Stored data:

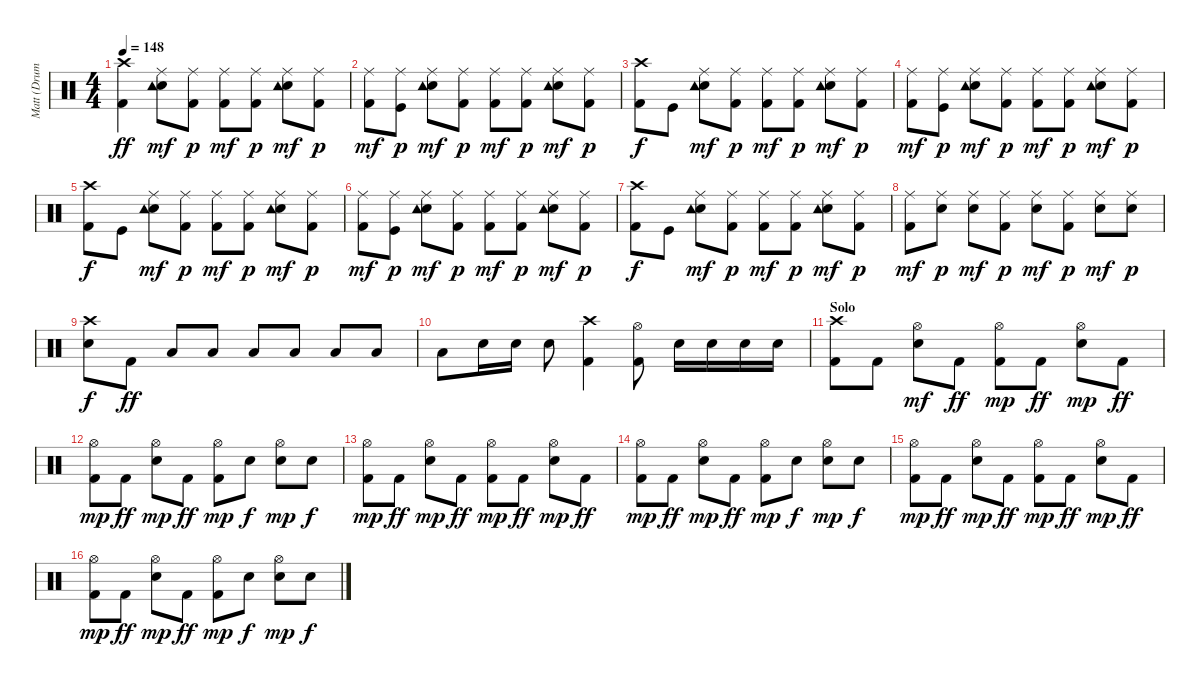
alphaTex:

\track ("Matt (Drums)" "Matt (Drum") {instrument percussion}
\staff {score}
\articulation defaults
\ts (4 4)
\tempo 148
\clef neutral
\ks c
("Kick (hit) 2" "Crash high (hit)").4{dy ff} ("Electric Snare (hit)" "Tambourine (hit)" "Ride (middle)").8{dy mf} ("Kick (hit) 2" "Ride (middle)").8{dy p} ("Kick (hit) 2" "Ride (middle)").8{dy mf} ("Kick (hit) 2" "Ride (middle)").8{dy p} ("Electric Snare (hit)" "Tambourine (hit)" "Ride (middle)").8{dy mf} ("Kick (hit) 2" "Ride (middle)").8{dy p} |
("Kick (hit) 2" "Ride (middle)").8{dy mf} ("Kick (hit)" "Ride (middle)").8{dy p} ("Electric Snare (hit)" "Tambourine (hit)" "Ride (middle)").8{dy mf} ("Kick (hit) 2" "Ride (middle)").8{dy p} ("Kick (hit) 2" "Ride (middle)").8{dy mf} ("Kick (hit) 2" "Ride (middle)").8{dy p} ("Electric Snare (hit)" "Tambourine (hit)" "Ride (middle)").8{dy mf} ("Kick (hit) 2" "Ride (middle)").8{dy p} |
("Kick (hit) 2" "Crash high (hit)").8{dy f} "Kick (hit)".8 ("Electric Snare (hit)" "Tambourine (hit)" "Ride (middle)").8{dy mf} ("Kick (hit) 2" "Ride (middle)").8{dy p} ("Kick (hit) 2" "Ride (middle)").8{dy mf} ("Kick (hit) 2" "Ride (middle)").8{dy p} ("Electric Snare (hit)" "Tambourine (hit)" "Ride (middle)").8{dy mf} ("Kick (hit) 2" "Ride (middle)").8{dy p} |
("Kick (hit) 2" "Ride (middle)").8{dy mf} ("Kick (hit)" "Ride (middle)").8{dy p} ("Electric Snare (hit)" "Tambourine (hit)" "Ride (middle)").8{dy mf} ("Kick (hit) 2" "Ride (middle)").8{dy p} ("Kick (hit) 2" "Ride (middle)").8{dy mf} ("Kick (hit) 2" "Ride (middle)").8{dy p} ("Electric Snare (hit)" "Tambourine (hit)" "Ride (middle)").8{dy mf} ("Kick (hit) 2" "Ride (middle)").8{dy p} |
("Kick (hit) 2" "Crash high (hit)").8{dy f} "Kick (hit)".8 ("Electric Snare (hit)" "Tambourine (hit)" "Ride (middle)").8{dy mf} ("Kick (hit) 2" "Ride (middle)").8{dy p} ("Kick (hit) 2" "Ride (middle)").8{dy mf} ("Kick (hit) 2" "Ride (middle)").8{dy p} ("Electric Snare (hit)" "Tambourine (hit)" "Ride (middle)").8{dy mf} ("Kick (hit) 2" "Ride (middle)").8{dy p} |
("Kick (hit) 2" "Ride (middle)").8{dy mf} ("Kick (hit)" "Ride (middle)").8{dy p} ("Electric Snare (hit)" "Tambourine (hit)" "Ride (middle)").8{dy mf} ("Kick (hit) 2" "Ride (middle)").8{dy p} ("Kick (hit) 2" "Ride (middle)").8{dy mf} ("Kick (hit) 2" "Ride (middle)").8{dy p} ("Electric Snare (hit)" "Tambourine (hit)" "Ride (middle)").8{dy mf} ("Kick (hit) 2" "Ride (middle)").8{dy p} |
("Kick (hit) 2" "Crash high (hit)").8{dy f} "Kick (hit)".8 ("Electric Snare (hit)" "Tambourine (hit)" "Ride (middle)").8{dy mf} ("Kick (hit) 2" "Ride (middle)").8{dy p} ("Kick (hit) 2" "Ride (middle)").8{dy mf} ("Kick (hit) 2" "Ride (middle)").8{dy p} ("Electric Snare (hit)" "Tambourine (hit)" "Ride (middle)").8{dy mf} ("Kick (hit) 2" "Ride (middle)").8{dy p} |
("Kick (hit) 2" "Ride (middle)").8{dy mf} ("Electric Snare (hit)" "Ride (middle)").8{dy p} ("Electric Snare (hit)" "Ride (middle)").8{dy mf} ("Kick (hit) 2" "Ride (middle)").8{dy p} ("Electric Snare (hit)" "Ride (middle)").8{dy mf} ("Kick (hit) 2" "Ride (middle)").8{dy p} ("Electric Snare (hit)" "Ride (middle)").8{dy mf} ("Electric Snare (hit)" "Ride (middle)").8{dy p} |
("Electric Snare (hit)" "Crash high (hit)").8{dy f} "Kick (hit) 2".8{dy ff} "Low Tom (hit)".8 "Low Tom (hit)".8 "Low Tom (hit)".8 "Low Tom (hit)".8 "Low Tom (hit)".8 "Low Tom (hit)".8 |
"Low Tom (hit)".8 "Electric Snare (hit)".16 "Electric Snare (hit)".16 "Electric Snare (hit)".8 ("Kick (hit) 2" "Crash high (hit)").4 ("Kick (hit) 2" "Hi-Hat (open)").8 "Electric Snare (hit)".16 "Electric Snare (hit)".16 "Electric Snare (hit)".16 "Electric Snare (hit)".16 |
\section ("" "Solo")
("Kick (hit) 2" "Crash high (hit)").8 "Kick (hit) 2".8 ("Electric Snare (hit)" "Hi-Hat (open)").8{dy mf} "Kick (hit) 2".8{dy ff} ("Kick (hit) 2" "Hi-Hat (open)").8{dy mp} "Kick (hit) 2".8{dy ff} ("Electric Snare (hit)" "Hi-Hat (open)").8{dy mp} "Kick (hit) 2".8{dy ff} |
("Kick (hit) 2" "Hi-Hat (open)").8{dy mp} "Kick (hit) 2".8{dy ff} ("Electric Snare (hit)" "Hi-Hat (open)").8{dy mp} "Kick (hit) 2".8{dy ff} ("Kick (hit) 2" "Hi-Hat (open)").8{dy mp} "Electric Snare (hit)".8{dy f} ("Electric Snare (hit)" "Hi-Hat (open)").8{dy mp} "Electric Snare (hit)".8{dy f} |
("Kick (hit) 2" "Hi-Hat (open)").8{dy mp} "Kick (hit) 2".8{dy ff} ("Electric Snare (hit)" "Hi-Hat (open)").8{dy mp} "Kick (hit) 2".8{dy ff} ("Kick (hit) 2" "Hi-Hat (open)").8{dy mp} "Kick (hit) 2".8{dy ff} ("Electric Snare (hit)" "Hi-Hat (open)").8{dy mp} "Kick (hit) 2".8{dy ff} |
("Kick (hit) 2" "Hi-Hat (open)").8{dy mp} "Kick (hit) 2".8{dy ff} ("Electric Snare (hit)" "Hi-Hat (open)").8{dy mp} "Kick (hit) 2".8{dy ff} ("Kick (hit) 2" "Hi-Hat (open)").8{dy mp} "Electric Snare (hit)".8{dy f} ("Electric Snare (hit)" "Hi-Hat (open)").8{dy mp} "Electric Snare (hit)".8{dy f} |
("Kick (hit) 2" "Hi-Hat (open)").8{dy mp} "Kick (hit) 2".8{dy ff} ("Electric Snare (hit)" "Hi-Hat (open)").8{dy mp} "Kick (hit) 2".8{dy ff} ("Kick (hit) 2" "Hi-Hat (open)").8{dy mp} "Kick (hit) 2".8{dy ff} ("Electric Snare (hit)" "Hi-Hat (open)").8{dy mp} "Kick (hit) 2".8{dy ff} |
("Kick (hit) 2" "Hi-Hat (open)").8{dy mp} "Kick (hit) 2".8{dy ff} ("Electric Snare (hit)" "Hi-Hat (open)").8{dy mp} "Kick (hit) 2".8{dy ff} ("Kick (hit) 2" "Hi-Hat (open)").8{dy mp} "Electric Snare (hit)".8{dy f} ("Electric Snare (hit)" "Hi-Hat (open)").8{dy mp} "Electric Snare (hit)".8{dy f}
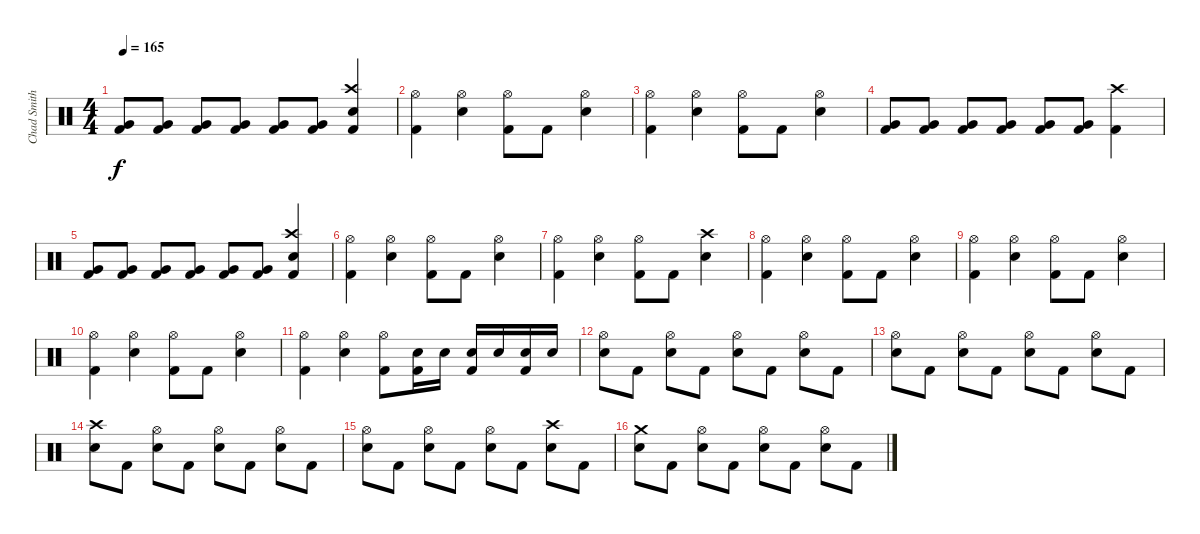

Exercise objective: Output the data exactly as it is, with the pictures dropped.

Written solution:
alphaTex:

\track ("Matt (Drums)" "Matt (Drum") {instrument percussion}
\staff {score}
\articulation defaults
\ts (4 4)
\tempo 148
\clef neutral
\ks c
("Kick (hit) 2" "Crash high (hit)").4{dy ff} ("Electric Snare (hit)" "Tambourine (hit)" "Ride (middle)").8{dy mf} ("Kick (hit) 2" "Ride (middle)").8{dy p} ("Kick (hit) 2" "Ride (middle)").8{dy mf} ("Kick (hit) 2" "Ride (middle)").8{dy p} ("Electric Snare (hit)" "Tambourine (hit)" "Ride (middle)").8{dy mf} ("Kick (hit) 2" "Ride (middle)").8{dy p} |
("Kick (hit) 2" "Ride (middle)").8{dy mf} ("Kick (hit)" "Ride (middle)").8{dy p} ("Electric Snare (hit)" "Tambourine (hit)" "Ride (middle)").8{dy mf} ("Kick (hit) 2" "Ride (middle)").8{dy p} ("Kick (hit) 2" "Ride (middle)").8{dy mf} ("Kick (hit) 2" "Ride (middle)").8{dy p} ("Electric Snare (hit)" "Tambourine (hit)" "Ride (middle)").8{dy mf} ("Kick (hit) 2" "Ride (middle)").8{dy p} |
("Kick (hit) 2" "Crash high (hit)").8{dy f} "Kick (hit)".8 ("Electric Snare (hit)" "Tambourine (hit)" "Ride (middle)").8{dy mf} ("Kick (hit) 2" "Ride (middle)").8{dy p} ("Kick (hit) 2" "Ride (middle)").8{dy mf} ("Kick (hit) 2" "Ride (middle)").8{dy p} ("Electric Snare (hit)" "Tambourine (hit)" "Ride (middle)").8{dy mf} ("Kick (hit) 2" "Ride (middle)").8{dy p} |
("Kick (hit) 2" "Ride (middle)").8{dy mf} ("Kick (hit)" "Ride (middle)").8{dy p} ("Electric Snare (hit)" "Tambourine (hit)" "Ride (middle)").8{dy mf} ("Kick (hit) 2" "Ride (middle)").8{dy p} ("Kick (hit) 2" "Ride (middle)").8{dy mf} ("Kick (hit) 2" "Ride (middle)").8{dy p} ("Electric Snare (hit)" "Tambourine (hit)" "Ride (middle)").8{dy mf} ("Kick (hit) 2" "Ride (middle)").8{dy p} |
("Kick (hit) 2" "Crash high (hit)").8{dy f} "Kick (hit)".8 ("Electric Snare (hit)" "Tambourine (hit)" "Ride (middle)").8{dy mf} ("Kick (hit) 2" "Ride (middle)").8{dy p} ("Kick (hit) 2" "Ride (middle)").8{dy mf} ("Kick (hit) 2" "Ride (middle)").8{dy p} ("Electric Snare (hit)" "Tambourine (hit)" "Ride (middle)").8{dy mf} ("Kick (hit) 2" "Ride (middle)").8{dy p} |
("Kick (hit) 2" "Ride (middle)").8{dy mf} ("Kick (hit)" "Ride (middle)").8{dy p} ("Electric Snare (hit)" "Tambourine (hit)" "Ride (middle)").8{dy mf} ("Kick (hit) 2" "Ride (middle)").8{dy p} ("Kick (hit) 2" "Ride (middle)").8{dy mf} ("Kick (hit) 2" "Ride (middle)").8{dy p} ("Electric Snare (hit)" "Tambourine (hit)" "Ride (middle)").8{dy mf} ("Kick (hit) 2" "Ride (middle)").8{dy p} |
("Kick (hit) 2" "Crash high (hit)").8{dy f} "Kick (hit)".8 ("Electric Snare (hit)" "Tambourine (hit)" "Ride (middle)").8{dy mf} ("Kick (hit) 2" "Ride (middle)").8{dy p} ("Kick (hit) 2" "Ride (middle)").8{dy mf} ("Kick (hit) 2" "Ride (middle)").8{dy p} ("Electric Snare (hit)" "Tambourine (hit)" "Ride (middle)").8{dy mf} ("Kick (hit) 2" "Ride (middle)").8{dy p} |
("Kick (hit) 2" "Ride (middle)").8{dy mf} ("Electric Snare (hit)" "Ride (middle)").8{dy p} ("Electric Snare (hit)" "Ride (middle)").8{dy mf} ("Kick (hit) 2" "Ride (middle)").8{dy p} ("Electric Snare (hit)" "Ride (middle)").8{dy mf} ("Kick (hit) 2" "Ride (middle)").8{dy p} ("Electric Snare (hit)" "Ride (middle)").8{dy mf} ("Electric Snare (hit)" "Ride (middle)").8{dy p} |
("Electric Snare (hit)" "Crash high (hit)").8{dy f} "Kick (hit) 2".8{dy ff} "Low Tom (hit)".8 "Low Tom (hit)".8 "Low Tom (hit)".8 "Low Tom (hit)".8 "Low Tom (hit)".8 "Low Tom (hit)".8 |
"Low Tom (hit)".8 "Electric Snare (hit)".16 "Electric Snare (hit)".16 "Electric Snare (hit)".8 ("Kick (hit) 2" "Crash high (hit)").4 ("Kick (hit) 2" "Hi-Hat (open)").8 "Electric Snare (hit)".16 "Electric Snare (hit)".16 "Electric Snare (hit)".16 "Electric Snare (hit)".16 |
\section ("" "Solo")
("Kick (hit) 2" "Crash high (hit)").8 "Kick (hit) 2".8 ("Electric Snare (hit)" "Hi-Hat (open)").8{dy mf} "Kick (hit) 2".8{dy ff} ("Kick (hit) 2" "Hi-Hat (open)").8{dy mp} "Kick (hit) 2".8{dy ff} ("Electric Snare (hit)" "Hi-Hat (open)").8{dy mp} "Kick (hit) 2".8{dy ff} |
("Kick (hit) 2" "Hi-Hat (open)").8{dy mp} "Kick (hit) 2".8{dy ff} ("Electric Snare (hit)" "Hi-Hat (open)").8{dy mp} "Kick (hit) 2".8{dy ff} ("Kick (hit) 2" "Hi-Hat (open)").8{dy mp} "Electric Snare (hit)".8{dy f} ("Electric Snare (hit)" "Hi-Hat (open)").8{dy mp} "Electric Snare (hit)".8{dy f} |
("Kick (hit) 2" "Hi-Hat (open)").8{dy mp} "Kick (hit) 2".8{dy ff} ("Electric Snare (hit)" "Hi-Hat (open)").8{dy mp} "Kick (hit) 2".8{dy ff} ("Kick (hit) 2" "Hi-Hat (open)").8{dy mp} "Kick (hit) 2".8{dy ff} ("Electric Snare (hit)" "Hi-Hat (open)").8{dy mp} "Kick (hit) 2".8{dy ff} |
("Kick (hit) 2" "Hi-Hat (open)").8{dy mp} "Kick (hit) 2".8{dy ff} ("Electric Snare (hit)" "Hi-Hat (open)").8{dy mp} "Kick (hit) 2".8{dy ff} ("Kick (hit) 2" "Hi-Hat (open)").8{dy mp} "Electric Snare (hit)".8{dy f} ("Electric Snare (hit)" "Hi-Hat (open)").8{dy mp} "Electric Snare (hit)".8{dy f} |
("Kick (hit) 2" "Hi-Hat (open)").8{dy mp} "Kick (hit) 2".8{dy ff} ("Electric Snare (hit)" "Hi-Hat (open)").8{dy mp} "Kick (hit) 2".8{dy ff} ("Kick (hit) 2" "Hi-Hat (open)").8{dy mp} "Kick (hit) 2".8{dy ff} ("Electric Snare (hit)" "Hi-Hat (open)").8{dy mp} "Kick (hit) 2".8{dy ff} |
("Kick (hit) 2" "Hi-Hat (open)").8{dy mp} "Kick (hit) 2".8{dy ff} ("Electric Snare (hit)" "Hi-Hat (open)").8{dy mp} "Kick (hit) 2".8{dy ff} ("Kick (hit) 2" "Hi-Hat (open)").8{dy mp} "Electric Snare (hit)".8{dy f} ("Electric Snare (hit)" "Hi-Hat (open)").8{dy mp} "Electric Snare (hit)".8{dy f}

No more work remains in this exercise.